The problem left me with a few questions:

A) what is the cost of the food/drink for precisely $100 people, and

B) how many extra people can be accommodated without advance reservation on the day of the event, in other words, how is a "few" defined.

For the problem we are told that the number of guests will range from 70 to 125. The midpoint of these two numbers is 97.5, which is close to 100.

If the per person food/drink price drops at 100 guests, and if the caterer can accommodate up to 20+ extra guests on the day of the event, then I might give the caterer a headcount of 100. Because of the volume discount, the total food/drink price for 100 guests is the same cost as for 80 guests ($6400). Over 100 guests, the hosts would pay $64/person for any extra guests on the day of the event.

If the caterer can accommodate fewer extra guests over the pre-event headcount (say 10-15) on the day of the event, then I might give the caterer a head count of 110, just in case since I want there to be enough food for all. The total food/drink price for 110 guests is the same cost as for 88 guests ($7040).

I don't know how caterered events work in Israel, but in the US, it seems to me as though caterers typically overestimate how much food people will eat and there are often lots of leftovers, even when the number of guests in attendance is very close to the pre-event headcount. If it's like that in Israel as well, that might influence my thinking. At the same time, given all the planning and expense of the event, and going to Israel for it, I wouldn't want to give the caterer an advanced headcount that I thought was likely to be too small, just to save a little bit of money. (Hopefully, that wouldn't be the case with a headcount of 100 or 110). I’d take these sorts of factors, and factors such as how many RSVPs I had received and how many people were definitely likely to attend, into account in creating the pre-event headcount.

One last thought: in case the number of actual guests at the event turns out to be less than the pre-event headcount, I’d want to want to make advanced arrangements regarding what would happen with the extra food so that it wouldn’t go to waste. Again, I don’t know how this circumstance is typically handled in Israel.

You have to make three assumptions.

1. I had to decide what to do about 100 guests. I assumed that the breaking point for 100 dollars a plate was 99. After 99, the break of 64 dollars a plate kicks in.

2. I wasn't sure what to do about several. I took it to mean 10. That meant that you would need 1 extra waiter and 640 dollars extra payment for over the top guests.

3. I assumed that if the guest list went so much as 1 over a zero number, another waiter was needed.

Let's see what happens with these assumptions.

The cost for 70 guests = 8800 dollars. It breaks down like this

70 guests = 7000

7 waiters = 700

10 extras = 1000

1 waiter = 100

Total = 8800.

100 guests = 6400

10 waiters = 1000

10 extras = 640

1 waiter = 100

Total = 8140

This is much much lower. Now you might want to consider what happens after 100. 101 for example, comes to 8304

Every other number will go up from there. I would say you have no control over what happens if the number goes much higher, but it is still better to pay for more plates then less.

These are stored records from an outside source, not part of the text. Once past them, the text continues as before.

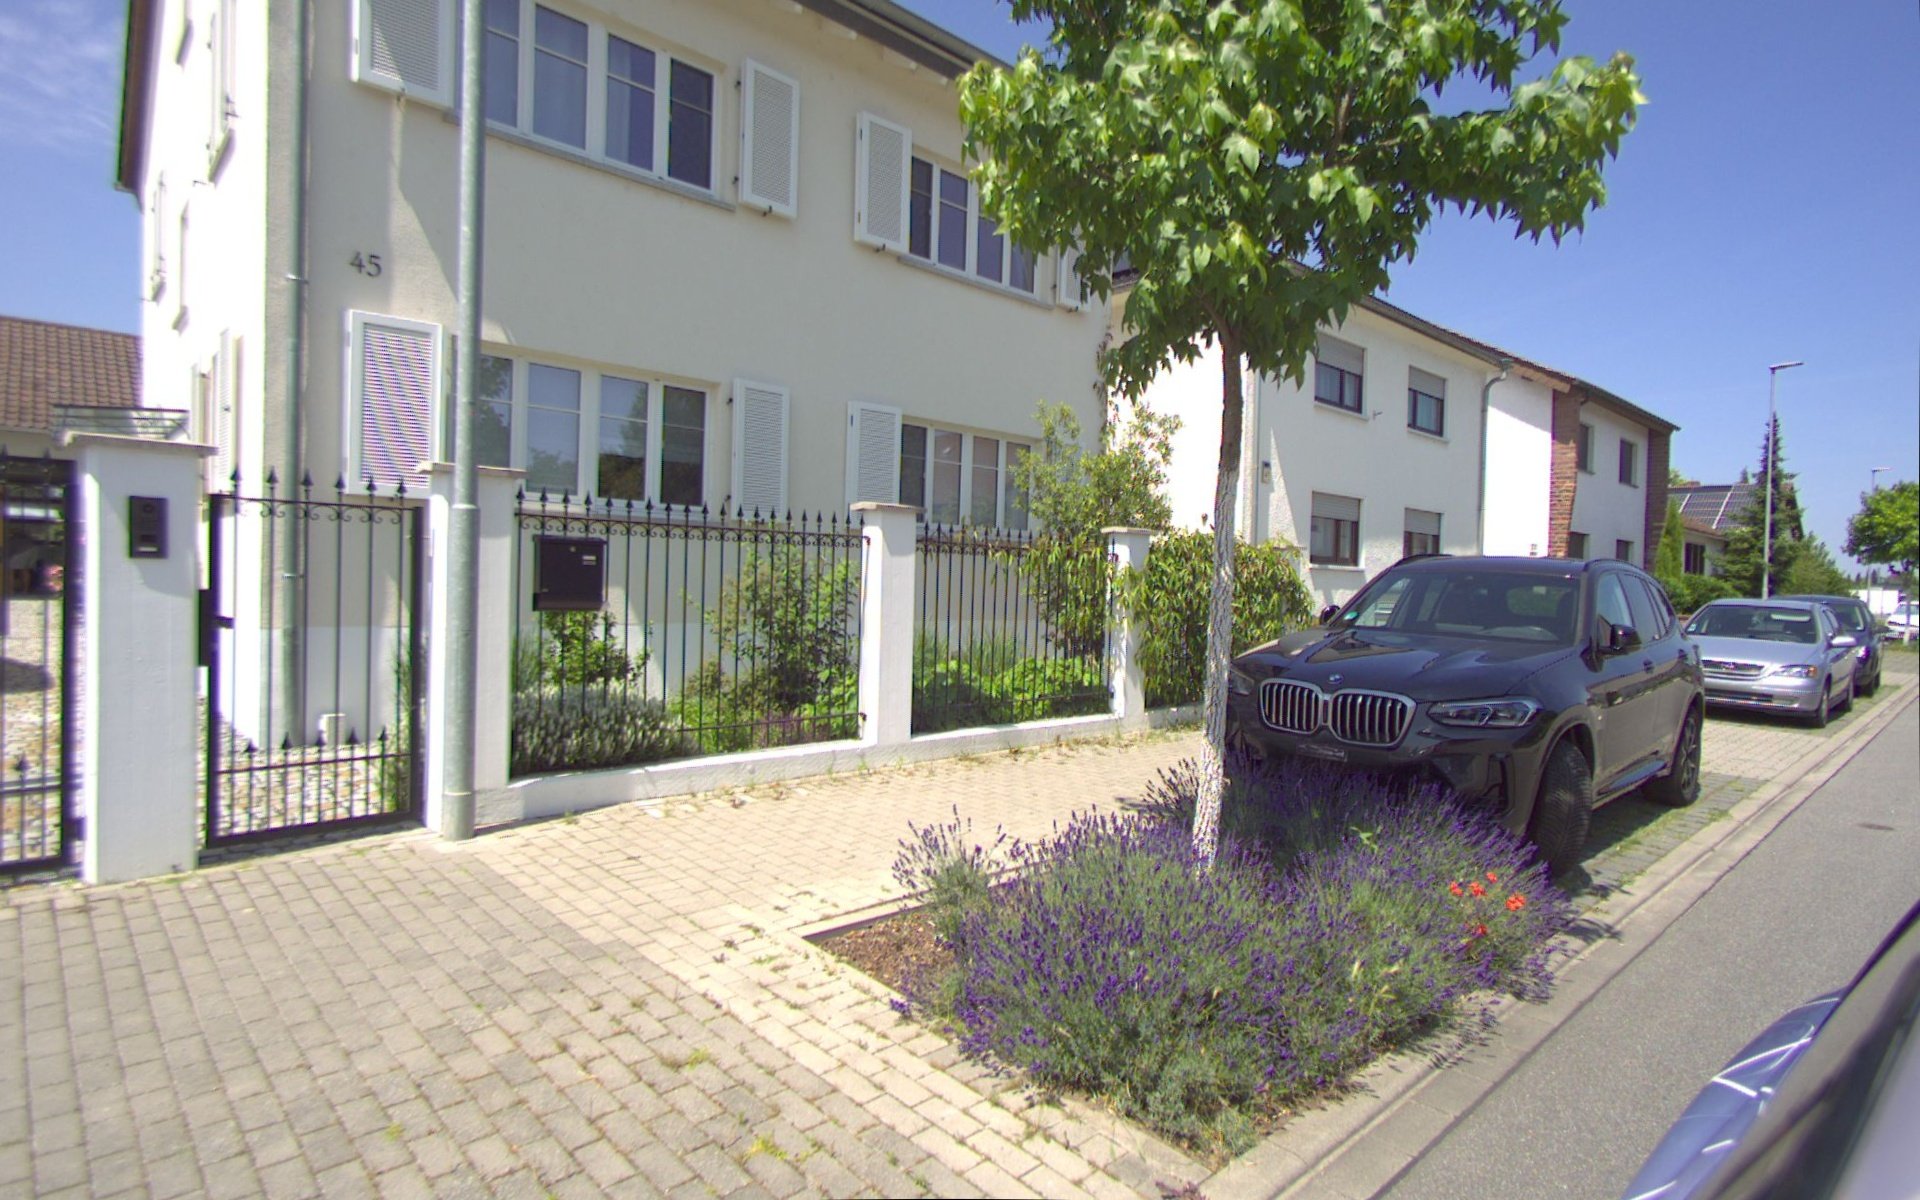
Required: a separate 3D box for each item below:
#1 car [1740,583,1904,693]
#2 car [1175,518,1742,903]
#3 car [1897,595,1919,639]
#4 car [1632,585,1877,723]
[{"bbox_3d":[14.269,0.530,16.662,1.742,1.552,4.377,2,2,44],"label":"car"},{"bbox_3d":[3.499,0.476,6.614,4.486,1.677,1.817,1,1,-43],"label":"car"},{"bbox_3d":[33.806,0.593,35.015,3.803,1.438,1.816,0,2,-44],"label":"car"},{"bbox_3d":[10.178,0.578,12.861,4.023,1.438,1.817,0,1,-43],"label":"car"}]

Anything under 100 guests, pay for 100. Over 100, you have a problem.

Sorry to make so many entries. I misread the givens.

Up to 78 people and retaining my assumptions, you are better off paying for the number of guests you think are coming plus 10 extrea.

After 78 but less than 100 you are much better off paying for 100. After 100, you have to go with the guess.

The method of calculation is the same as outlined in one of my previous answers.

I found it pretty amazing that one can pay less for more people. If I would reserve for 90 people, I will have to pay:

90 x $80 = $7,200

9 x $100 = $900

$8,100 total

However if I will reserve for 100, it will be:

100 x $63 = $6,300

10 x $100 = $1,000

$7,300 total

We ended up using the 100 number and to be honest I don't even know how many people showed up - somewhere very close to the 100. This, by the way, was considered to be a small party in Israel:)

Thank you - Tracy and Jerome for the thorough answers. I am surprised the others stay shy, probably the question was too long.